One suspects a majority of Cubans eagerly await the Yankee invasion. They have suffered long enough for the sake of pride and independence.

I vividly recall Batista’s corrupt, raunchy Cuba of 1953. It’s likely that once the Communists are swept away, the island could revert to those bad old days. Cuba will face a US Congress that still demonizes the Castro brothers and idolizes Israel’s Bibi Netanyahu.

30 copyright Eric s. Margolis 2015

This post is in: Cuba, USA

4 Responses to “The Tsunami Facing Cuba”

  1. It may all work out yet. As far as that fear of the secret police, that should not be much higher than in the US today, where the police state is undeniable. Hopefully the Cubans remember the history from before communism, when it was a playground for the Maffia and a huge brothel for the rich Americans.

  2. George Rizk says:

    Without a good tourist infrastructure to accommodate the flood of Americans, it is appropriate to limit the number of flights to match the Island’s capacity as gradually more accomodations are builds.

    On the other hand a master plan for this Island tourist development can include a port facility to accommodate big cruise lines since food and beds are on the ships, as tourists walk the streets? All said, it is a welcome step by Obama to stop that silly sanction against this small poor Island. The Castro brothers are effectively gone, and with a mutual respect, we can groom a good transition leaders that must be progressive in one side, but, keep the sovereign respect intact.

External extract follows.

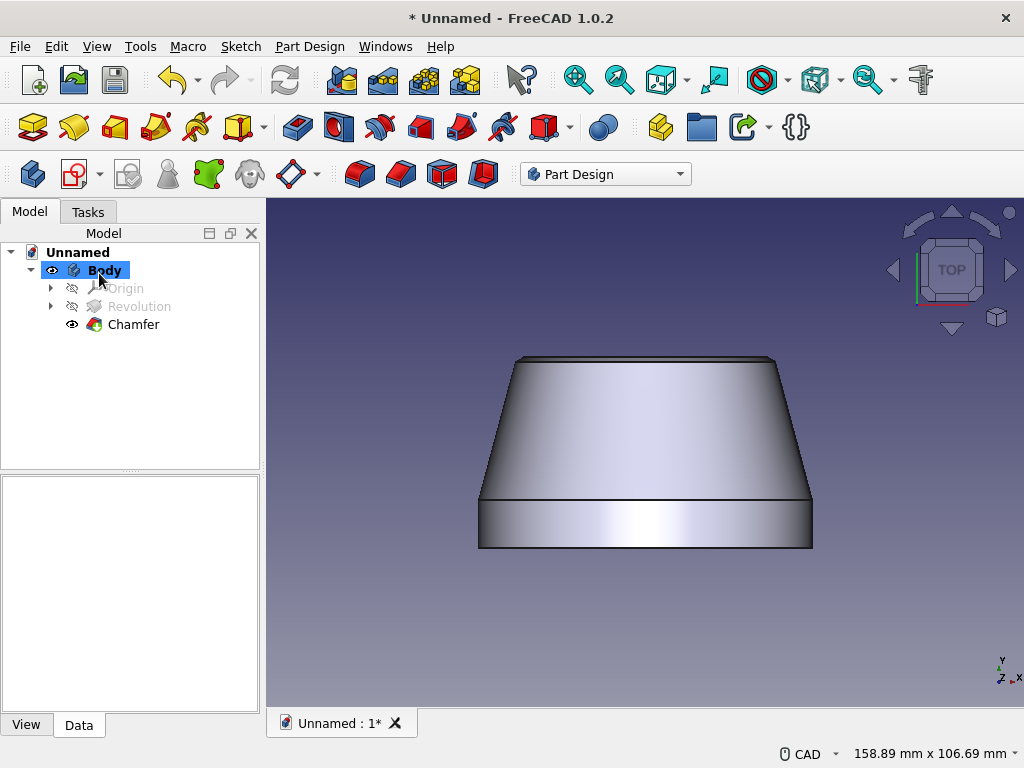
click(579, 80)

  3. Excellent column. I’m afraid that most of what Eric says about Cuba’s future is almost certain to happen and the country will soon cease to be a pleasant place to visit. As for the corruption of the old Batista regime, it’s possible that organized crime will also regain its foothold there, away from the glare of the FBI. On his frequent visits to the pre-Castro Cuba, the late mob “accountant”, Myer Lansky, reputedly passed to Batista, through the dictator’s aides, briefcases stuffed with big bills. Of course, Batista welcomed Lansky with open arms and wanted him to come back regularly. (And if I had been Batista, I’m sure I would have loved having a visitor like that!) See further details about Lansky and Cuba in David Lacey’s book entitled “Little Man – Myer Lansky and the Gangster Life”.

    Lansky also once owned a half-interest in the old Riviera Hotel in Havana, until Castro came along. It had a casino and was apparently the first hotel on the island to have central air conditioning.

  4. Though the idea of lifting sanctions against Cuba are is a smart move on the part of the US,I have this strange feeling that the real reason for allowing this and future travel to Cuba by Americans,is done with a hidden agenda in mind.

    Russia is so despised now by American politicians,that this may very well be the reason…bring capitalism to Cuba and see how mad Vladimir Putin will be then….just a thought.Even the low oil prices is a politically motivated plot to bring down Russia’s economy even more.The cold war is well upon us…again.My best wishes to the people of Cuba….they deserve a better life than what they have endured in the last 50 odd years.